### Task statement
Starting at the first line of the material below, retype each line exactly until you reach the line with "6) car (0, 217, 64, 302)", which is also included; pictures stay out.

◇ ◇ ◇ ◇ ◇ ◇ ◇

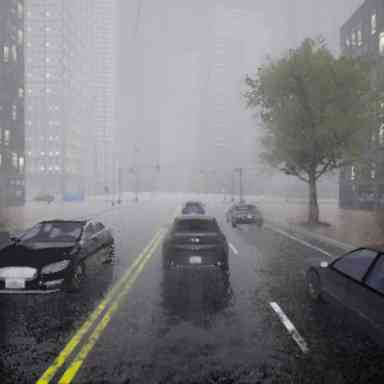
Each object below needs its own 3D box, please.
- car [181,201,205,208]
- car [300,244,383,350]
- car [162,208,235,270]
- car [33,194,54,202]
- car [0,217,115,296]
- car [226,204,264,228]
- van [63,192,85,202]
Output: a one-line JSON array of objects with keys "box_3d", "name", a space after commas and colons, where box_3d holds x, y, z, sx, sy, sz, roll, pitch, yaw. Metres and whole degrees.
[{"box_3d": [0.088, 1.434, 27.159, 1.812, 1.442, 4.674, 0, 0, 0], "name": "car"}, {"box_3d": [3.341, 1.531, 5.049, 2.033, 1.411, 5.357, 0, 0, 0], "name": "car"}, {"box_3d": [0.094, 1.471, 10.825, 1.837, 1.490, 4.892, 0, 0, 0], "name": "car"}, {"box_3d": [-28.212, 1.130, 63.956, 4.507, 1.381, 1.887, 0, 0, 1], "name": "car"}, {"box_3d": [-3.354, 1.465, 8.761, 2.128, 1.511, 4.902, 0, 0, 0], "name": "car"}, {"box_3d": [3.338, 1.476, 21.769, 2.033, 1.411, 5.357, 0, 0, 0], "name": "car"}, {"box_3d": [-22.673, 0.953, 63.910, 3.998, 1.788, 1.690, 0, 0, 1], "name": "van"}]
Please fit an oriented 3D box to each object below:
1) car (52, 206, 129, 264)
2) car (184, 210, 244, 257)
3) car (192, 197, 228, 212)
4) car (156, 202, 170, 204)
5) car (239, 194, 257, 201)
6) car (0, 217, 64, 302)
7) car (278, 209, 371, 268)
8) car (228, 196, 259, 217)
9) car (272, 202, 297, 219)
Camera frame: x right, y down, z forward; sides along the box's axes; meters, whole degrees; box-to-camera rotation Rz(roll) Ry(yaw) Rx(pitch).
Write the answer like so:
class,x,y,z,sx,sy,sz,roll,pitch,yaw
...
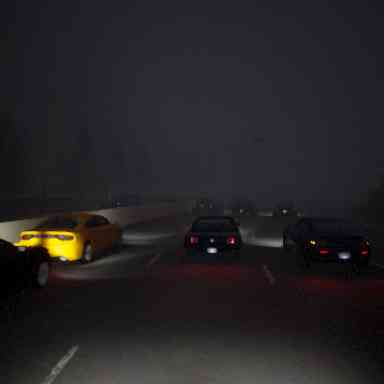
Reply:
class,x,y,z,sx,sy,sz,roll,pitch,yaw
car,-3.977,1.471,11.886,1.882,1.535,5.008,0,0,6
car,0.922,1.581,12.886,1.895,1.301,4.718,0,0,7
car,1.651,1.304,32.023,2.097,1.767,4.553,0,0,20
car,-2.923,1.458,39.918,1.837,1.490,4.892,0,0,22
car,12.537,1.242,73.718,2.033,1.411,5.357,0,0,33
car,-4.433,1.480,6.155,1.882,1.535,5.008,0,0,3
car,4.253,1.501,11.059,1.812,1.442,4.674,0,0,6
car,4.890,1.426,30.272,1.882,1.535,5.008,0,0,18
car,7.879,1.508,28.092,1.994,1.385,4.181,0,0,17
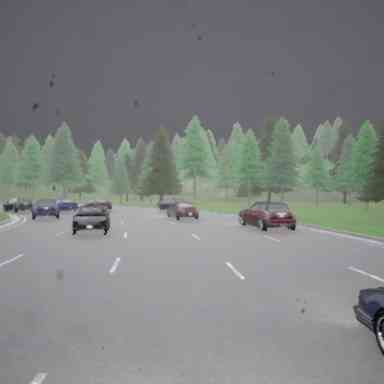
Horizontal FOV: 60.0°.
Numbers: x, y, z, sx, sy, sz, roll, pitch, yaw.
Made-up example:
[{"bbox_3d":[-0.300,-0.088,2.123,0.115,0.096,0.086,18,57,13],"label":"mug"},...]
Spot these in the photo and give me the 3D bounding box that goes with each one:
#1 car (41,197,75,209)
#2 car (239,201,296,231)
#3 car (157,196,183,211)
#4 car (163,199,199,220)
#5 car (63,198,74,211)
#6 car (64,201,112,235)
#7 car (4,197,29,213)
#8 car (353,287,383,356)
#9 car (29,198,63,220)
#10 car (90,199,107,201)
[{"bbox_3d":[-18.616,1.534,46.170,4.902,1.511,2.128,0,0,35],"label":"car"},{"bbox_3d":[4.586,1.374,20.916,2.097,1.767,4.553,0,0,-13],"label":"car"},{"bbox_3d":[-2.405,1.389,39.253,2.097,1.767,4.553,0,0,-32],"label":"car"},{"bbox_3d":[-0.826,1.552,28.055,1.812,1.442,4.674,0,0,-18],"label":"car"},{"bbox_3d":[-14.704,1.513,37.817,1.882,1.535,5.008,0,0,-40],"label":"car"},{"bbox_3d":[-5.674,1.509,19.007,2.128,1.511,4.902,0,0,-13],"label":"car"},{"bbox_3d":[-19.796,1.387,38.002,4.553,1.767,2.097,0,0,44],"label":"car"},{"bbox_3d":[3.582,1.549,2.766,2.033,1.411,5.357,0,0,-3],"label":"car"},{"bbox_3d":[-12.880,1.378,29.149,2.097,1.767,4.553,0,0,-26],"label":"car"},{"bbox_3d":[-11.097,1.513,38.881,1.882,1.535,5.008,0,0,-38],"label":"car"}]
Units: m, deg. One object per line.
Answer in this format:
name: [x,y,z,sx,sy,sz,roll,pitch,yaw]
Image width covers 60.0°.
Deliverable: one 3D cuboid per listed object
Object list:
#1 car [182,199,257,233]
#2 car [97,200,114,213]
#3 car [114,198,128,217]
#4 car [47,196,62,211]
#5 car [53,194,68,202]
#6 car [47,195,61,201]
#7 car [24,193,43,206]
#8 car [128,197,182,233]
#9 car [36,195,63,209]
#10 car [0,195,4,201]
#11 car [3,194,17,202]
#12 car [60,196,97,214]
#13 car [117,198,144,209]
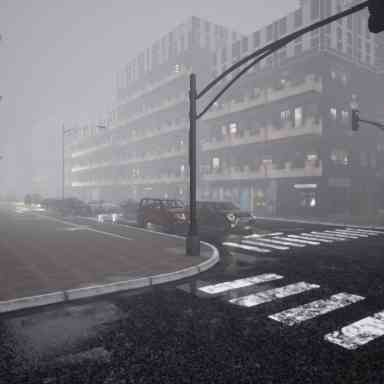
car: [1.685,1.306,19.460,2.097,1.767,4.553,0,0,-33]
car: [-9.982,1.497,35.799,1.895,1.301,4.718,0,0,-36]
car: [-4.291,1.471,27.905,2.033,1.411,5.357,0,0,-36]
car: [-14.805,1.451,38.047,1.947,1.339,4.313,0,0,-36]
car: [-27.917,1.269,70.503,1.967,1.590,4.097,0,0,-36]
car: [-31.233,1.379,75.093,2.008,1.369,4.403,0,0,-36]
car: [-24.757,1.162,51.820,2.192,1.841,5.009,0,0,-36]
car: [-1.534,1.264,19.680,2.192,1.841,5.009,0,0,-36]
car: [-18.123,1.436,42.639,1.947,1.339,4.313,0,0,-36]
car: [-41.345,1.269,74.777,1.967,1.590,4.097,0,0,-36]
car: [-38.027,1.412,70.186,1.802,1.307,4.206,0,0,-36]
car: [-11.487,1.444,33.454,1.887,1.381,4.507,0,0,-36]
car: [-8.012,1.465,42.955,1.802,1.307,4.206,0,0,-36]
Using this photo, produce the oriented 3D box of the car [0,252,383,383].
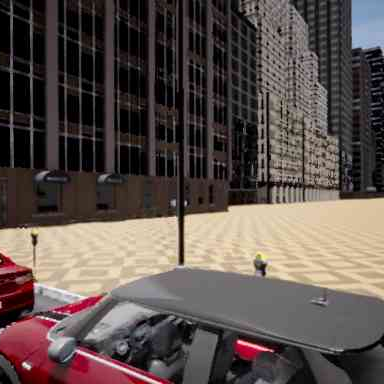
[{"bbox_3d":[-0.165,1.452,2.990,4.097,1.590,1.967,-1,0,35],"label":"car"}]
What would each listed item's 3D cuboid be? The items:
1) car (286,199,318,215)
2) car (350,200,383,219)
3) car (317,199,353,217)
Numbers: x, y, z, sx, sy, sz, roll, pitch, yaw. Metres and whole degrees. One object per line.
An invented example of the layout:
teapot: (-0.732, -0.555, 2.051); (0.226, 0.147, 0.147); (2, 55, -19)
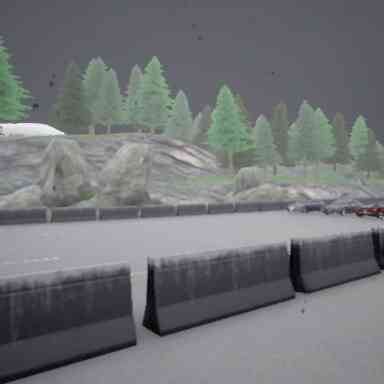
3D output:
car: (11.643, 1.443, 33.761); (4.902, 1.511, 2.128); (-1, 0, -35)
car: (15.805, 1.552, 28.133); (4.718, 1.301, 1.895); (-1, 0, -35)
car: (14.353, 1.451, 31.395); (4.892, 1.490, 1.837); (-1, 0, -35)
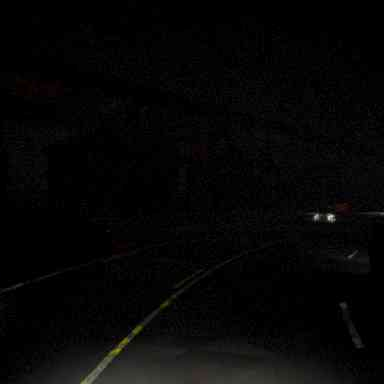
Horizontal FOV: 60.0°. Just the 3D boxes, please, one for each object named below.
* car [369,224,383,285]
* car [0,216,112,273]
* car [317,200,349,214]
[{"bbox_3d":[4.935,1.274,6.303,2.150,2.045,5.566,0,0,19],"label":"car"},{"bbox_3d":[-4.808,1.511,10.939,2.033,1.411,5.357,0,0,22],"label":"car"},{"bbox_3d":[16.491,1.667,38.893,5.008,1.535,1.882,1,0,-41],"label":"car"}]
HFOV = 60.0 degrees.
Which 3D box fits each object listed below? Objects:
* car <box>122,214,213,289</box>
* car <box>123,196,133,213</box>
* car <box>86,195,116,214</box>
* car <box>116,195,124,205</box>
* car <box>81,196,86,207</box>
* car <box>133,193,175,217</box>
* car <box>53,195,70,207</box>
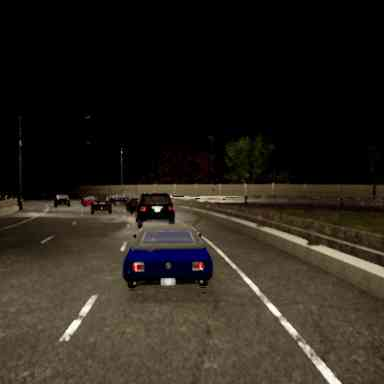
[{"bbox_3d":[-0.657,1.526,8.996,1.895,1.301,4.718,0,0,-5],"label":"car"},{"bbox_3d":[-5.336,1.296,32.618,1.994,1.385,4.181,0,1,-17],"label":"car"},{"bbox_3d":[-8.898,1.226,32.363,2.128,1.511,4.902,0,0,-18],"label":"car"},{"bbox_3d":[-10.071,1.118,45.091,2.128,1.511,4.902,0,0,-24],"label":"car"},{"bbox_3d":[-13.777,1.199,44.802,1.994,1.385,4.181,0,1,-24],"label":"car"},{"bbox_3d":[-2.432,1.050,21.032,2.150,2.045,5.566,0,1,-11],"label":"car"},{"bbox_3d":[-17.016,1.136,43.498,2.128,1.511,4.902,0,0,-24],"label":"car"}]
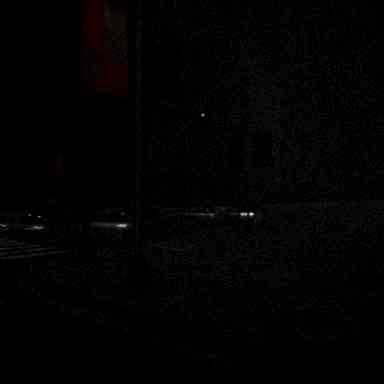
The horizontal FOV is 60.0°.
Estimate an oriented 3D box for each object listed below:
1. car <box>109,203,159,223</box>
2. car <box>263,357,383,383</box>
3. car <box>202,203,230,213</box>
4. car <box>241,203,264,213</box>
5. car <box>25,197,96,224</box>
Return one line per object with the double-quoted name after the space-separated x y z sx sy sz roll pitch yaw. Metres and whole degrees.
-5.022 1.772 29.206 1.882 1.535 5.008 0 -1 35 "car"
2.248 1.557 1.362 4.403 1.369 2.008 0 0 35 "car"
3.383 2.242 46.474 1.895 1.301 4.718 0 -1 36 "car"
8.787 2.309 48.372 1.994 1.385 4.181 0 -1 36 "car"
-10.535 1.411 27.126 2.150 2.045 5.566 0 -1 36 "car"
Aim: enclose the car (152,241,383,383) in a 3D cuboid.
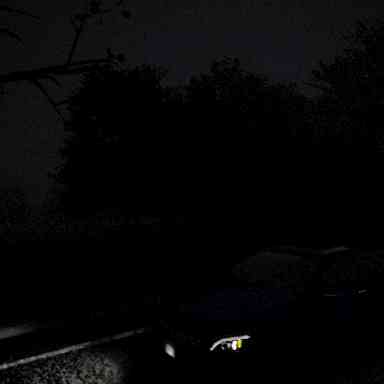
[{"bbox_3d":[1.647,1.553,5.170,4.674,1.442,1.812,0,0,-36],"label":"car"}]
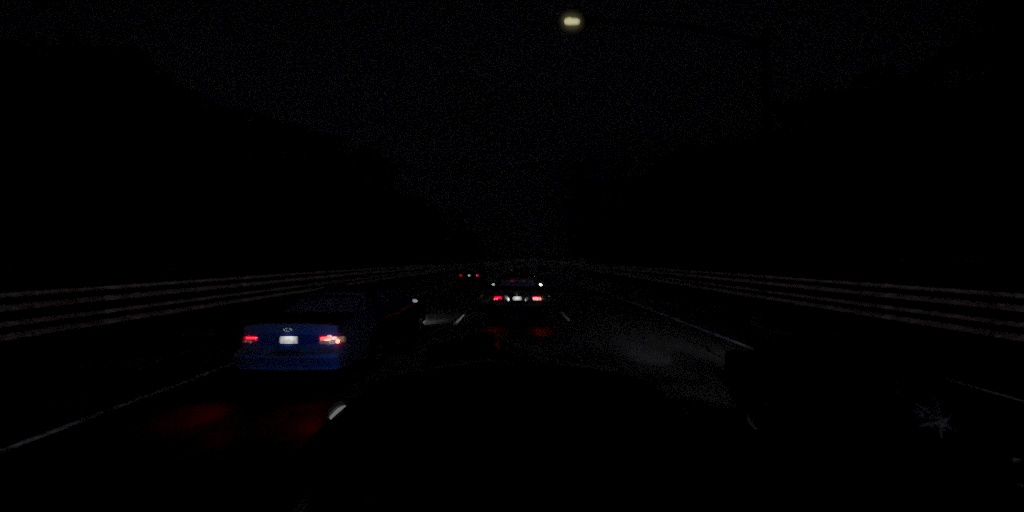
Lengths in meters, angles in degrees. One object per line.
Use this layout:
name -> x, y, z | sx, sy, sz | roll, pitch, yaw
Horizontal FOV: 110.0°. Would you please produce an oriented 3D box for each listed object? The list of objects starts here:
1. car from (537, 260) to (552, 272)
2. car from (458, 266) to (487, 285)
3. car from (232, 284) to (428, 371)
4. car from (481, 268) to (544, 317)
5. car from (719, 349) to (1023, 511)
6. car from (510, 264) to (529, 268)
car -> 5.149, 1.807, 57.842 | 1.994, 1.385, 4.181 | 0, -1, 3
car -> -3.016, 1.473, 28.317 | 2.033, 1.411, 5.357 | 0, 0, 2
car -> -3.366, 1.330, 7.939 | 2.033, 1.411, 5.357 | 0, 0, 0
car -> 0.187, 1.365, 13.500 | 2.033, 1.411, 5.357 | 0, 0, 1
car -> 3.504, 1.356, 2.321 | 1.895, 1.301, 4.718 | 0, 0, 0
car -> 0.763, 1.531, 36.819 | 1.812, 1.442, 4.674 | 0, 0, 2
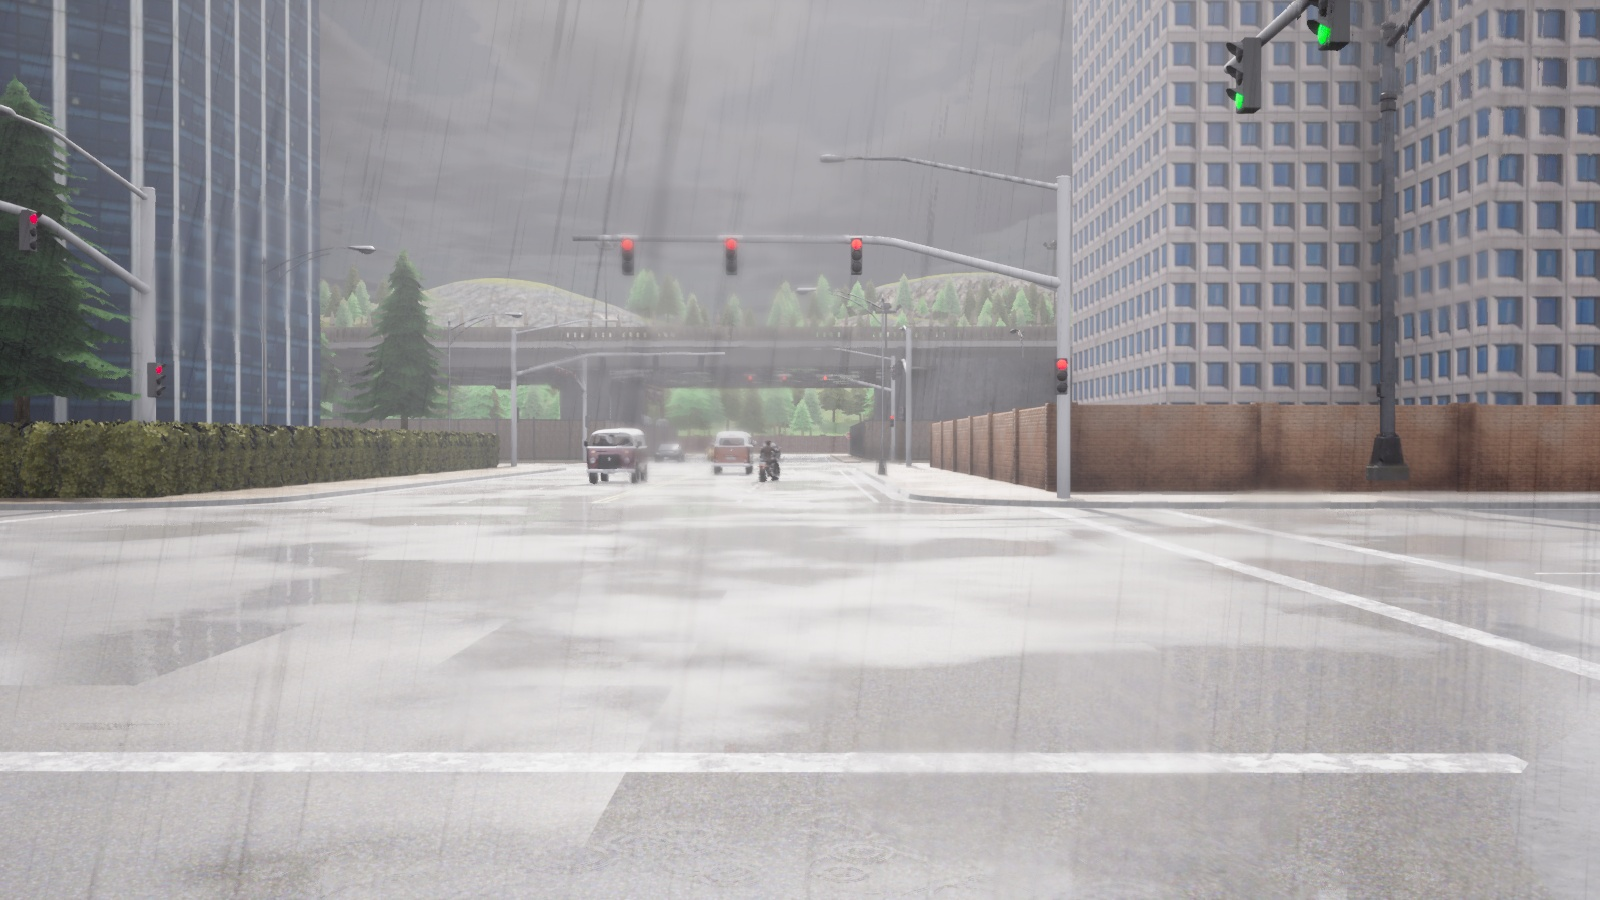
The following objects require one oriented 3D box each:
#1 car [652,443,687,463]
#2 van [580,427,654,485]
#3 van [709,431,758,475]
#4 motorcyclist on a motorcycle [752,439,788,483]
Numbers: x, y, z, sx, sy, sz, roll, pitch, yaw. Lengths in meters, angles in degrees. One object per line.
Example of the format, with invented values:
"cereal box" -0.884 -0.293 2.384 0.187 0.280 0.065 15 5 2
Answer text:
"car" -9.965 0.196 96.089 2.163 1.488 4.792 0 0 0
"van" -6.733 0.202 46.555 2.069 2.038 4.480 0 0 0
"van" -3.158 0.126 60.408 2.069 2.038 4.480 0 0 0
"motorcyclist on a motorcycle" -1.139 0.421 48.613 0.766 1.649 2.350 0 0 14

◇ ◇ ◇ ◇ ◇ ◇ ◇

### Written reply
Each object below needs its own 3D box, please.
- car [181,201,205,208]
- car [300,244,383,350]
- car [162,208,235,270]
- car [33,194,54,202]
- car [0,217,115,296]
- car [226,204,264,228]
- van [63,192,85,202]
Output: a one-line JSON array of objects with keys "box_3d", "name", a space after commas and colons, where box_3d holds x, y, z, sx, sy, sz, roll, pitch, yaw. Metres and whole degrees.
[{"box_3d": [0.088, 1.434, 27.159, 1.812, 1.442, 4.674, 0, 0, 0], "name": "car"}, {"box_3d": [3.341, 1.531, 5.049, 2.033, 1.411, 5.357, 0, 0, 0], "name": "car"}, {"box_3d": [0.094, 1.471, 10.825, 1.837, 1.490, 4.892, 0, 0, 0], "name": "car"}, {"box_3d": [-28.212, 1.130, 63.956, 4.507, 1.381, 1.887, 0, 0, 1], "name": "car"}, {"box_3d": [-3.354, 1.465, 8.761, 2.128, 1.511, 4.902, 0, 0, 0], "name": "car"}, {"box_3d": [3.338, 1.476, 21.769, 2.033, 1.411, 5.357, 0, 0, 0], "name": "car"}, {"box_3d": [-22.673, 0.953, 63.910, 3.998, 1.788, 1.690, 0, 0, 1], "name": "van"}]
Please fit an oriented 3D box to each object below:
1) car (52, 206, 129, 264)
2) car (184, 210, 244, 257)
3) car (192, 197, 228, 212)
4) car (156, 202, 170, 204)
5) car (239, 194, 257, 201)
6) car (0, 217, 64, 302)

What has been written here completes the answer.